August 1998—

If Walburga Black knew what became of her dank and fetid, ancestral home, every person down Grimmauld Place would have heard about it. After weeks of hard work and toil, Number Twelve looked nothing like Hermione Granger remembered it. Gone were the worn steps and battered, peeling door. Gone were the musty hangings, the dark corners, and the lingering stench of death. Instead, windows were thrown open, and light and fresh air flooded in. Houseplants and flowers returned life to the rooms and hallways. Even the front steps were sanded, painted, and topped with a bright red, paneled door. Hermione tucked a stray curl from her bushy, brown mane behind her ear and smiled at the narrow façade basking in the sunlight. It, like they, had changed so much in the past few months.

As she climbed the front steps, her thoughts flickered to her parents (as they always did) and the home that she could not return to. They were presumably a happy and childless couple living in Australia. She tried not to fixate on their complete ignorance of the young woman she had grown to be. After the pain and shock of modifying their memories wore off, Hermione could admit to herself that her drastic actions were the right ones. Especially after the past year she endured. Traumatic as it was, this choice had kept her parents alive and well, safely hidden from Lord Voldemort.

Two months ago, she had arranged a private meeting with Professor McGonagall to discuss her parents, and even though the two witches had come to a mutual agreement, Hermione still spent a lot of time pretending not to obsessively worry about them. Though she had secured their livelihood by casting that fateful spell onthe couple in their quaint, suburban home last year, and though the war was over, her mind still somersaulted over the lack of resolution. How would they return to their old lives? Would they even want to? What would they think of Hermione when they learned what she, their only daughter, had done to them? Could the memory charm even be properly undone? Would she ever truly see her parents, the loving and supportive people who raised her, again?
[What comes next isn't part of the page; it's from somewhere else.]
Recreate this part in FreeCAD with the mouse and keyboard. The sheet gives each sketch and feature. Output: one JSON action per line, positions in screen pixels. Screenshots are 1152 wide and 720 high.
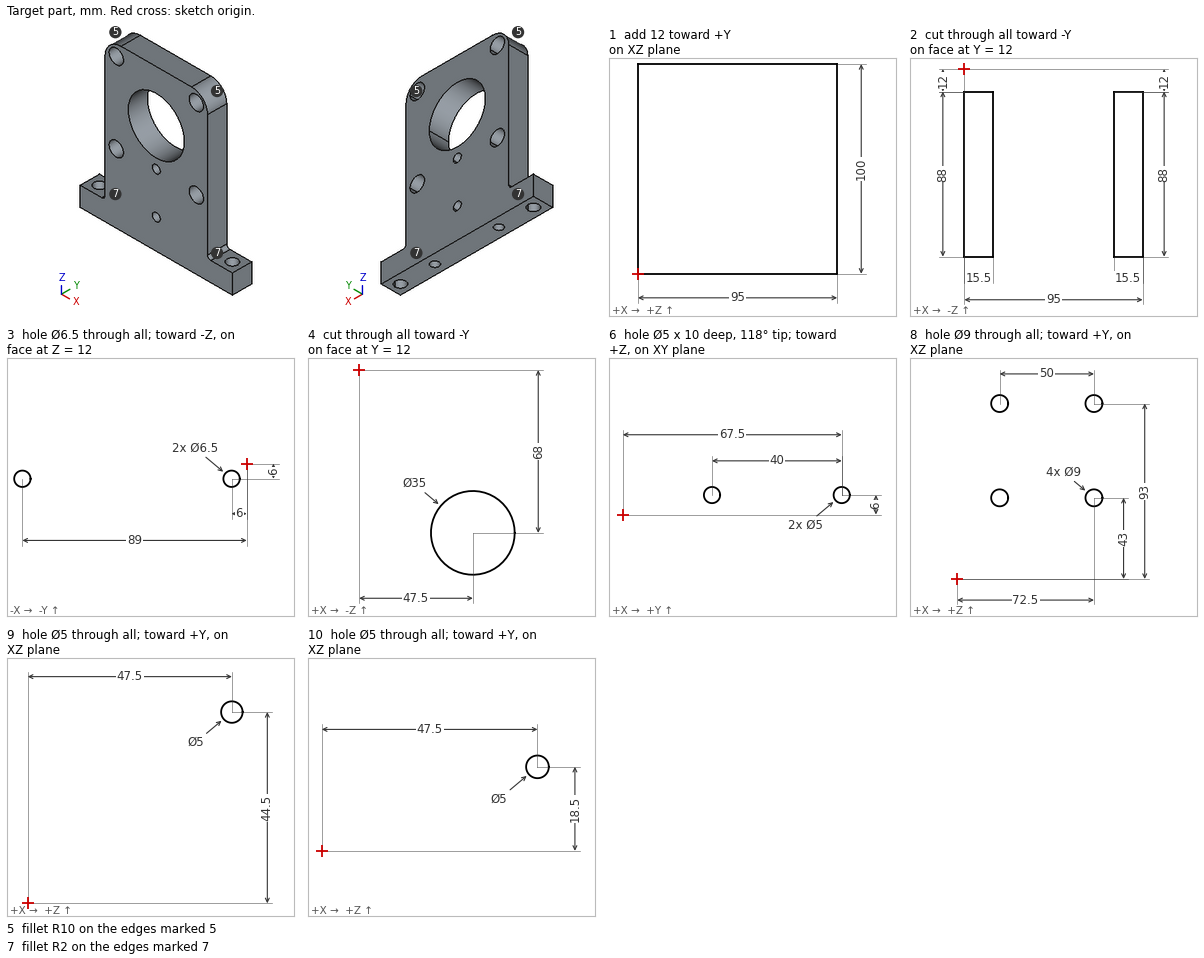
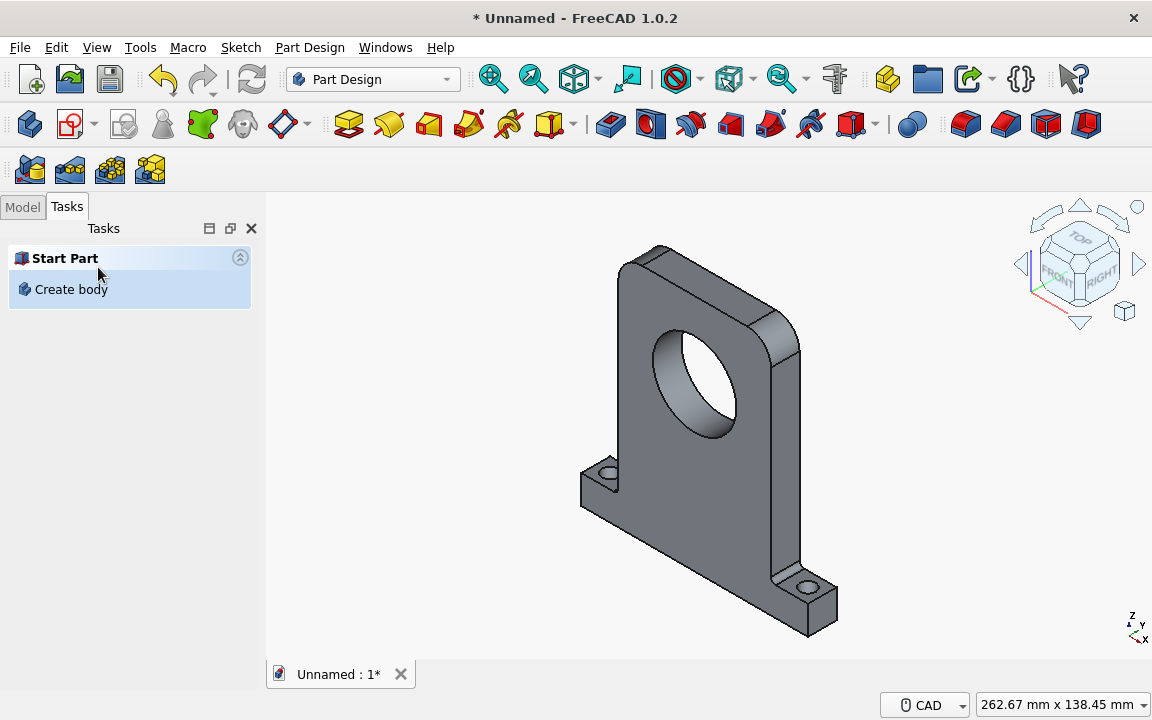
{"action": "left_click", "coordinate": [70, 124]}

Hermione pushed these questions from her mind as she opened the golden lion's head door handle, another new upgrade that replaced the serpentine handle, which had adorned the house for generations under the Black family name. She and Professor McGonagall had agreed that it would be best for Hermione to finish her last year at Hogwarts, ensure the worst tumult of the war had died down, and then focus on rehabilitating her parents. She had to remain confident that this was the right choice, regardless of how it weighed on her.

Like lead.

Thus it was that Hermione entered her unlikely home, which she shared with her best friend in the world. Harry Potter was sitting in the kitchen chatting with George Weasley, who was visiting for a few days while the final touches of his apartment in Hogsmeade were being made. After losing his twin brother, and nearly his sanity, George had abandoned the flat they shared above their shop in Diagon Alley in favor of a newly-built flat above an equally newly-renovated shop in Hogsmeade, the charming village adjacent to the famous Hogwarts School of Witchcraft and Wizardry. George was now sole owner of the joke shop Weasleys' Wizard Wheezes, and after the war, he had continued with their plans of opening the strategically-placed second location. The Weasley joke shop was one of few businesses that survived, and actually thrived, through the war.

As Hermione entered, both young men turned and smiled in her direction.

"Hey, Hermione, come look at this," George said with a twinkle in his eye. "Our Hogwarts letters have arrived, and McGonagall even sent one to me. The old witch just can't accept that she never got us to complete our N.E.W.T.'s." George's smile immediately turned stale, which happened every time he slipped and said "we" or "us."

Hermione quickly redirected the conversation. "Harry, did you open yours?" she asked with only a slight tremor in her voice.

"Are you daft? I know you'd hex me into next week if I opened mine without you!" snorted Harry.

The three laughed (something they had finally begun to do again), and Hermione reached for her letter. She felt its weight and grinned in spite of herself, knowing it held a prefect's badge at the very least.

There was still time before Hogwarts resumed, and Hermione was faced with a decision that would shape the course of the rest of her life. She needed to choose between returning to finish her last year of studies and moving on to join the wizarding workforce at the Ministry of Magic. She was already offered a job by Kingsley Shacklebolt. In a very un-Hermione-like fashion, she had been completely ignoring this decision for weeks. Instead, she focused on face-lifting the darkest and dreariest of abodes in which she now stood, which Harry had the relative misfortune of calling his home. Seeing as he had spent the majority of his life living with his neglectful and borderline abusive Muggle relations, the Dursleys, who trapped him in the cupboard under the stairs and treated him worse than a Malfoy house elf, this was a step up.

"What do you think, Hermione? Will you go back?" George asked.

Hermione's eyes traced the emerald green ink and swirling script, and she felt something stirring in her chest. She looked up from her letter and caught George and Harry exchanging a heavy glance. In that moment, She lost all doubts for the choice she had to make. As anyone may have predicted, Hermione Granger was going back to Hogwarts. She locked eyes with Harry and immediately recognized the nostalgia that bubbled to the surface. Without him saying a word, she also knew beyond doubt that classes and studying and exams were things Harry could never return to. For the first time in seven years, their paths were truly about to part.